Functional interaction of Junctophilin 2 with small- conductance Ca2+ -activated potassium channel subtype 2(SK2) in mouse cardiac myocytes

Junctophilins (JPs), a protein family of the junctional membrane complex, maintain the close conjunction between cell surface and intracellular membranes in striate muscle cells mediating the crosstalk between extracellular Ca2+ entry and intracellular Ca2+ release. The small-conductance Ca2+ -activated K+ channels are activated by the intracellular calcium and play an essential role in the cardiac action potential profile. Molecular mechanisms of regulation of the SK channels are still uncertain. Here, we sought to determine whether there is a functional interaction of junctophilin type 2 (JP2) with the SK channels and whether JP2 gene silencing might modulate the function of SK channels in cardiac myocytes.

The present data provide evidence that the functional interaction between JP2 and SK2 channels is present in the native mouse heart tissue. Junctophilin 2, as junctional membrane complex (JMC) protein, is an important regulator of the cardiac SK channels.

Association of JP2 with SK2 channel in mouse heart tissue as well as HEK293 cells was studied using in vivo and in vitro approaches. siRNA knockdown of JP2 gene was assessed by real-time PCR. The expression of proteins was analysed by Western blotting.

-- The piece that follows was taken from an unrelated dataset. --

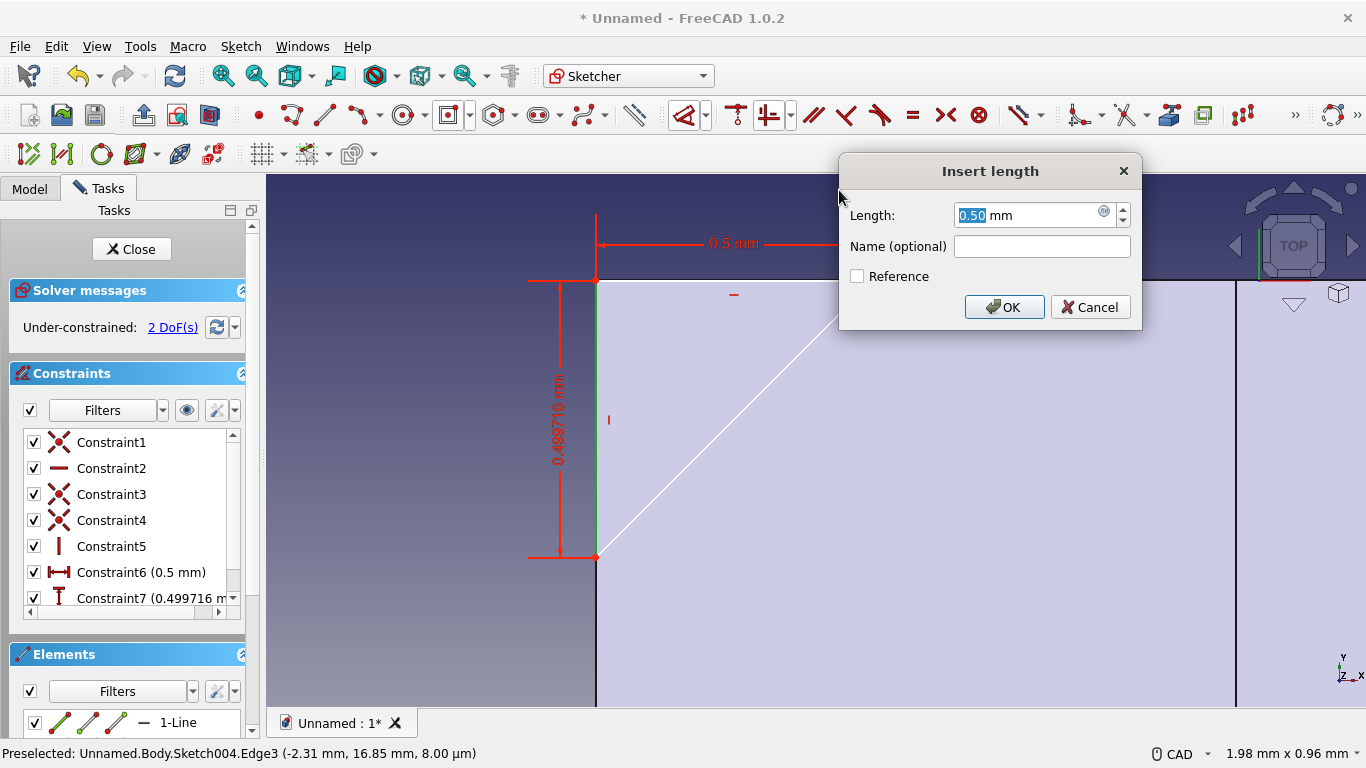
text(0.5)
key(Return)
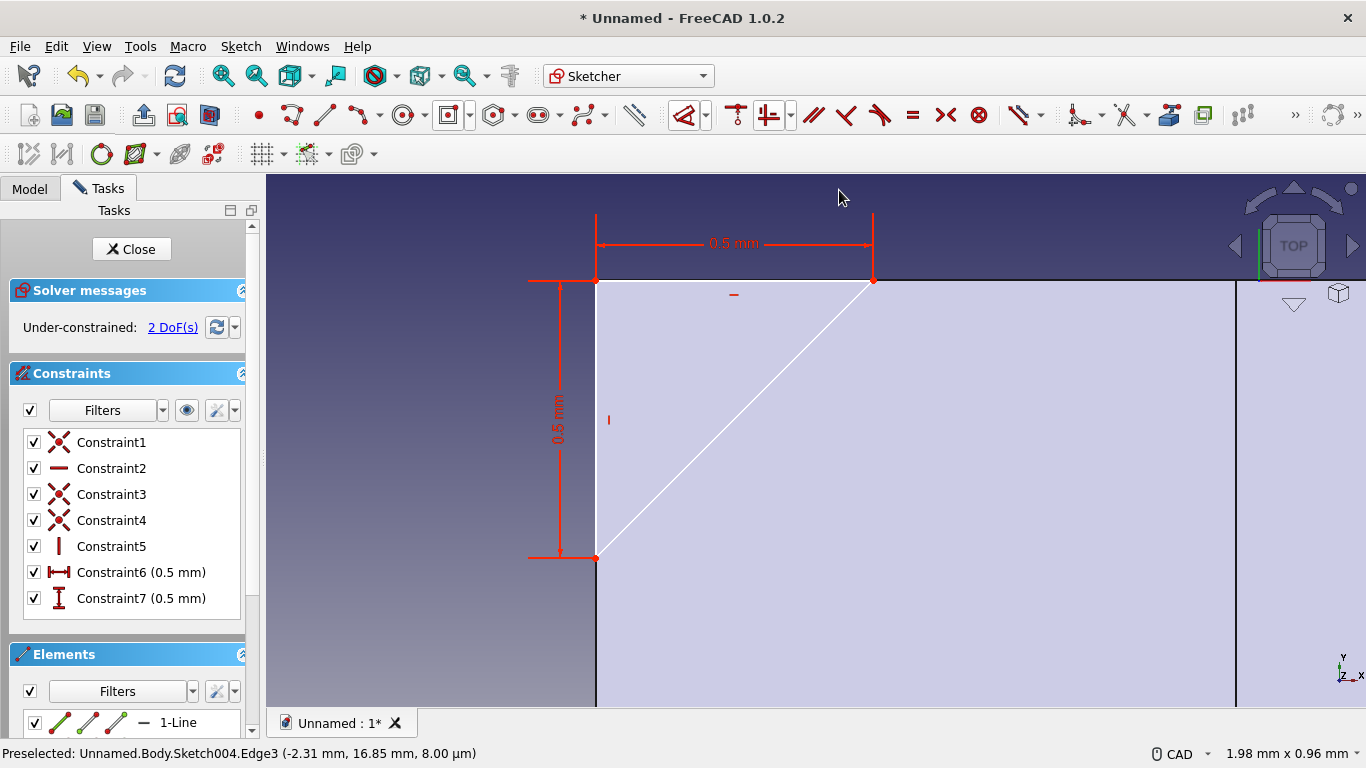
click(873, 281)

Ca2+ -activated K+ current (IK,Ca ) in infected adult mouse cardiac myocytes was recorded using whole-cell voltage-clamp technique. The intracellular Ca2+ transient was measured using an IonOptix photometry system.

We showed for the first time that JP2 associates with the SK2 channel in native cardiac tissue. JP2, via the membrane occupation and recognition nexus (MORN motifs) in its N-terminus, directly interacted with SK2 channels. A colocalization of the SK2 channel with its interaction protein of JP2 was found in the cardiac myocytes. Moreover, we demonstrated that JP2 is necessary for the proper cell surface expression of the SK2 channel in HEK293. Functional experiments indicated that knockdown of JP2 caused a significant decrease in the density of IK,Ca and reduced the amplitude of the Ca2+ transient in infected cardiomyocytes.